XIX

Au lever du soleil, le neuvième jour, le vent de l’équinoxe tomba enfin, et, en peu d’heures, la mer redevint une mer d’été. Les montagnes mêmes de la côte de Naples, ainsi que les eaux et le ciel, semblaient nager dans un fluide plus limpide et plus bleu que pendant les mois des grandes chaleurs, comme si la mer le firmament et les montagnes eussent déjà senti ce premier frisson de l’hiver qui cristallise l’air et le fait étinceler comme l’eau figée des glaciers. Les feuilles jaunies de la vigne et les feuilles brunies des figuiers commençaient à tomber et à joncher la cour. Les raisins étaient cueillis. Les figues séchées sur l’astrico au soleil étaient emballées dans des paniers grossiers d’herbes marines tressées en nattes par les femmes. La barque était pressée d’essayer la mer et le vieux pêcheur de ramener sa famille à la Margellina. On nettoya la maison et le toit, on couvrit la source d’une grosse pierre, pour que les feuilles séchées et les eaux de l’hiver n’en corrompissent pas le bassin. On épuisa d’huile le petit puits creusé dans la roche. On mit l’huile dans des jarres ; les enfants les descendirent à la mer en passant de petits bâtons dans les anses. On fit un paquet entouré de cordes du matelas et des couvertures du lit. On alluma une dernière fois la lampe sous l’image abandonnée du foyer.
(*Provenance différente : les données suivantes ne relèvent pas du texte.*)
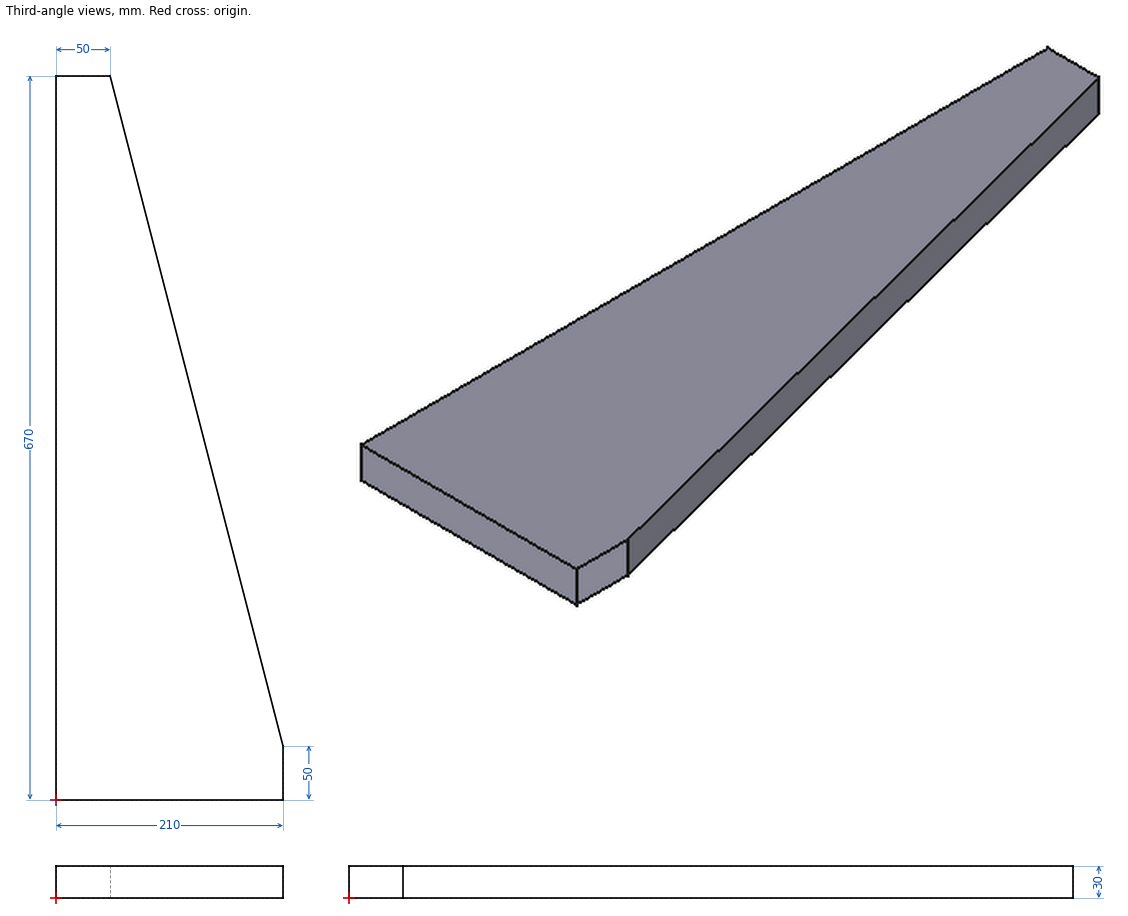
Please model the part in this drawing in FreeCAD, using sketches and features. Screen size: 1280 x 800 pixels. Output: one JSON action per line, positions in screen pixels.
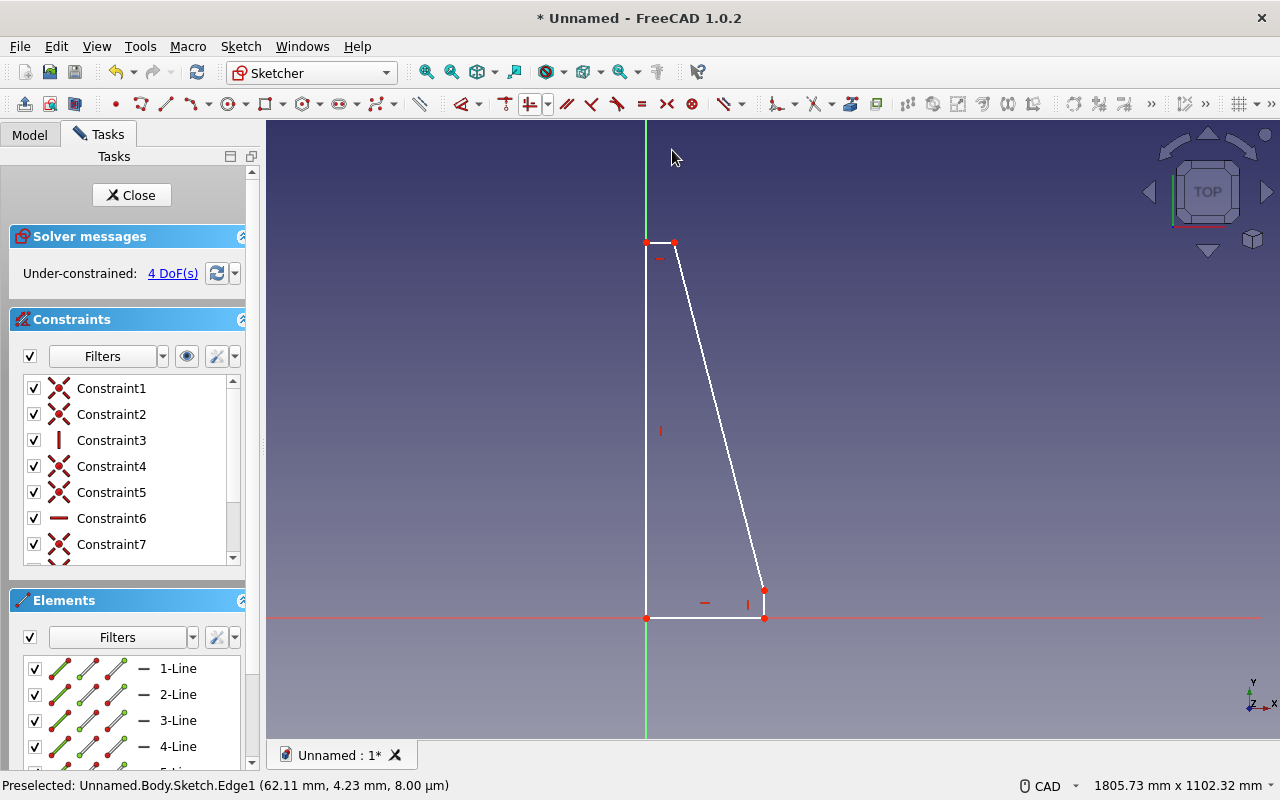
{"action": "scroll", "coordinate": [764, 607], "scroll_direction": "up", "scroll_amount": 2}

On fit une dernière prière devant la Madone, pour lui recommander la maison, le figuier, la vigne que l’on quittait ainsi pour plusieurs mois. Puis l’on ferma la porte. On cacha la clef au fond d’une fente de rocher recouverte de lierre, pour que le pêcheur s’il revenait pendant l’hiver sût où la trouver et qu’il pût visiter son toit. Nous descendîmes ensuite à la mer aidant la pauvre famille à emporter et à embarquer l’huile, les pains et les fruits.